Published Jan 28, 2015
MA Nurse
676 Posts
Hello everyone. I haven't posted here in a long time. I have worked in NICU for almost 25 years. I am really burned out. Although I have had many rewarding experiences, the stress is outweighing the good things. My commute is awful. I am always relying on overtime. I am a single mom now and I only have my income to rely on at this time.
So, I accepted a job in a call center full time as an advice nurse. I need the guaranteed hours and the commute is better. I am nervous, but excited. I am not happy about leaving the coworkers I like...but some of the difficult ones are making my job miserable.
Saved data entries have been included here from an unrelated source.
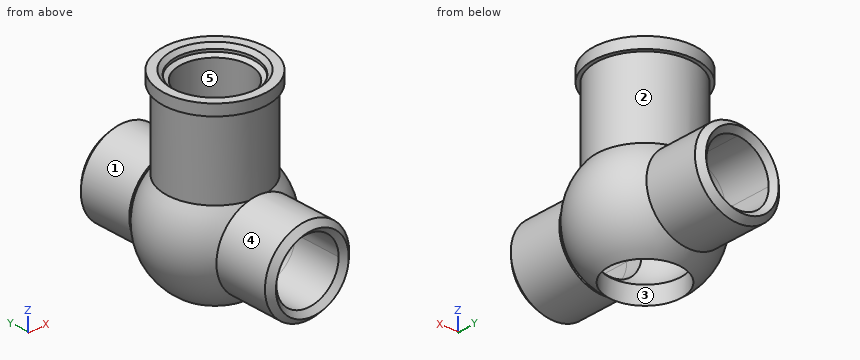
from build123d import *

# Parameters (mm, degrees)
F5_D     = 17
F5_DEPTH = 29
F5_TIP   = 5.1073152617
F6_D     = 17
F6_DEPTH = 29
F6_TIP   = 5.1073152617


with BuildPart() as f2:
    # F0 (on Front) → F2 (revolve)
    with BuildSketch(Plane.XZ):
        with BuildLine():
            Line((-9.3155, 9.5151098654), (-9.3155, 14.2204591962))
            ThreePointArc((-9.3155, 14.2204591962), (-11.2766168332, 12.7215530812), (-13, 10.9544511501))
            ThreePointArc((-13, 10.9544511501), (-16.8567978778, -2.2019003855), (-9.75, -13.9261444772))
            Line((-9.75, -13.9261444772), (-9.75, -9.069363594))
            ThreePointArc((-9.75, -9.069363594), (-13.3123621496, 0.311239453), (-9.3155, 9.5151098654))
        make_face()
        with BuildLine():
            ThreePointArc((-13, 10.9544511501), (-11.2766168332, 12.7215530812), (-9.3155, 14.2204591962))
            Line((-9.3155, 14.2204591962), (-9.3155, 19.2122588888))
            Line((-9.3155, 19.2122588888), (-10.4775, 19.2122588888))
            Line((-10.4775, 19.2122588888), (-10.4775, 33.2122588888))
            Line((-10.4775, 33.2122588888), (-10.55, 33.25))
            Line((-10.55, 33.25), (-10.55, 33.95))
            Line((-10.55, 33.95), (-11.6, 35))
            Line((-11.6, 35), (-14, 35))
            Line((-14, 35), (-14, 32))
            Line((-14, 32), (-13, 32))
            Line((-13, 32), (-13, 10.9544511501))
        make_face()
        Polygon((-10.4775, 19.2122588888), (-9.3155, 19.2122588888), (-9.3155, 32.6073599761), (-10.4775, 33.2122588888), align=None)
    revolve(axis=Axis((0, 0, 10.842), (0, 0, -1)))

    # F1 (on Right) → F3 (revolve)
    with BuildSketch(Plane.YZ):
        with BuildLine():
            Line((27.5668407641, 8.5), (29, 9.9331592359))
            Line((29, 9.9331592359), (27.4331592359, 11.5))
            Line((27.4331592359, 11.5), (12.9851644874, 11.5))
            Line((12.9851644874, 11.5), (12.9851644874, 10.9720327759))
            ThreePointArc((12.9851644874, 10.9720327759), (13.9088267086, 9.7746887209), (14.7224318643, 8.5))
            Line((14.7224318643, 8.5), (27.5668407641, 8.5))
        make_face()
    revolve(axis=Axis((0, 4.3193821889, 0), (0, -1, 0)))

    # F1 (on Right) → F4 (revolve)
    with BuildSketch(Plane.YZ):
        with BuildLine():
            Line((-27.5668407641, 8.5), (-14.7224318643, 8.5))
            ThreePointArc((-14.7224318643, 8.5), (-13.9088267086, 9.7746887209), (-12.9851644874, 10.9720327759))
            Line((-12.9851644874, 10.9720327759), (-12.9851644874, 11.5))
            Line((-12.9851644874, 11.5), (-27.4331592359, 11.5))
            Line((-27.4331592359, 11.5), (-29, 9.9331592359))
            Line((-29, 9.9331592359), (-27.5668407641, 8.5))
        make_face()
    revolve(axis=Axis((0, 4.3193821889, 0), (0, -1, 0)))

    # F5 (one way)
    with BuildSketch(Plane(origin=(0, 0, 0), x_dir=(1, 0, 0), z_dir=(0, 1, 0))):
        with Locations((0, 0)):
            Circle(F5_D / 2)
    extrude(amount=-F5_DEPTH, mode=Mode.SUBTRACT)
    with Locations(Plane(origin=(0, 0, 0), x_dir=(1, 0, 0), z_dir=(0, 1, 0))):
        with Locations((0, 0)):
            with Locations((0, 0, -(F5_DEPTH + F5_TIP / 2))):  # 118° drill point
                Cone(0, F5_D / 2, F5_TIP, mode=Mode.SUBTRACT)

    # F6
    with Locations(Plane.XZ):
        with Locations((0, 0)):
            Hole(F6_D / 2, depth=F6_DEPTH)
            with Locations((0, 0, -(F6_DEPTH + F6_TIP / 2))):  # 118° drill point
                Cone(0, F6_D / 2, F6_TIP, mode=Mode.SUBTRACT)


solid = f2.part
Could you check a few things on this model? Use its own coordinates, in mm. Face numbers are marked on the shaded views. A direction names the side the tool comes from. Coordinates: 2 decimals unless noted, no trailing zeros. Order: outer loops, then holes, each group sorted by start corner. A loop starts at its lowest first (then second) coordinate and runs counter-clockwise, first axis right, second up.
Q1. Suppose I cut it at B-B on x = 6. Give the number of separate pieces and of enclosed holes in the cut face, and give its area (3 significant figures).
Q2. Suppose I cut it at C-C on y = 24. Please give me the cut outline in (x, z).
Q3. Please list where these lines run through material, in increasing order: L1, parallel to Z at x = 0, y = 23; L2, parallel to Y at x = -3.5, z = 25.
Q4. Will these pins go through, and if not, where does the flat tip stop? pin 1 (3 mm diameter, centred on x = 0, y = 17.5, fed in from +Z); pin 2 (11.5 mm diameter, centred on x = 1, z = 4, fed in from -Y); pin 3 (5 mm diameter, centred on x = 5.5, z = 12, fed in from +Y); pin 4 (8.5 mm diameter, centred on x = 6, y = 2.5, fed in from -Z).
Q5. Which directions (+Z, -Z, +X, -X, +Y, -Y) give clear straight access to the entire face, cutting with the end or side of a thin tool? Please do the marked faces 1, 2 and 3.
Q6. Thinking about a two-plate mould opening in Y: for the marked faces 4 and 5, which applies, released by +Y, released by -Y, zero draft, split by the parting line, or undercut?
Q7. Suppose I cut it at A-A on z = 13.5. Please give me the cut outline in (x, y), and give its area (3 significant figures).
Answer:
1. separate pieces: 4
1. enclosed holes: 0
1. area: 539 mm2
2. outline: circle Ø23 at (0, 0); hole circle Ø17 at (0, 0)
3. L1: z = -11.5 to -8.5, 8.5 to 11.5
3. L2: y = -12.52 to -8.63, 8.63 to 12.52
4. pin 1: stops at z = 11.5
4. pin 2: stops at y = -28.94
4. pin 3: stops at y = 28.23
4. pin 4: stops at z = -13.93
5. face 1: +Y
5. face 2: none
5. face 3: -Z
6. face 4: zero draft
6. face 5: undercut
7. outline: circle Ø26 at (0, 0); hole circle Ø18.63 at (0, 0)
7. area: 258 mm2

I hear sometimes how nurses think Advice nurses who are at a desk all day are not working as hard as a floor/ICU nurse. My coworkers have said even a monkey could be an advice nurse. Wow. This nurse worked in a call center before. I was thinking I should get a monkey scrub top and wear it in her honor. lol.
So has anyone here made a big change into a totally different nursing field? Any thought, comments, advice would be helpful. I don't deal well with change sometimes, but I think I will be ok. I can always look into another job if this one doesn't work. I start in March. Also, when I went on the tour of the call center there were 2 people giving massages to the nurses. That alone is enough to make me want to work there!
Thanks for listening
BSNbeauty, BSN, RN
1,939 Posts
You have to do what is best for you and your family. Embrace this new change. Don't listen to the naysayers.
LadyFree28, BSN, LPN, RN
8,429 Posts
THIS.
Not everyone is meant to know your future endeavors, especially in high stress jobs where peers may feel trapped and see no end in sight.
Sending positive vibes for success at your new position!
Graduatenurse14
630 Posts
My coworkers have said even a monkey could be an advice nurse. Wow. This nurse worked in a call center before.
No doubt at all that she thought that she was the smartest monkey when she worked in a call center and I'll bet she thinks she's the smartest on your unit too.
Good luck!! As was said, do what's best for you and your family!!
Ha ha....you are so right graduate nurse. Geez...some nurses can be so rude. It's really sad.
Ah, nurses are mere mortals, after all.
And some are just plain evil. Seriously. Not all nurses are good people.
I post with brevity. I have stories for days on when I was younger and a tech and stated that I wanted to have two specialties as a nurse; a peer told me "you can't do that"; fast forward years later, guess what? that particular person happened to be present when I was explaining that *gasp* indeed worked in two specialties!
I don't take stock on humankind's faults and level of "evilness", especially when most of it is based out of their own shortcomings and fears; hence, the "mere mortals" statement...
ok. thanks for the explanation. sometimes the written word is hard to decipher. I am just burned out with some coworkers.
i need to work on not being offended by comments. this particular nurse is very difficult.
SHGR, MSN, RN, CNS
1 Article; 1,406 Posts
Telephonic nursing is indeed challenging. You can't just pull the covers off of someone and do a head to toe. All you have is what they sound like on the phone. If you have access to the chart, that makes life so much easier.
You will get suicide calls, all kinds of psych, all kinds of everything. You will have calls that use every bit of what you know. You will save lives, trust me.
Wow, now I am more nervous. Have you done telephonic nursing?
Yes, telephone triage and telephonic case management. It takes some getting used to. It is real nursing.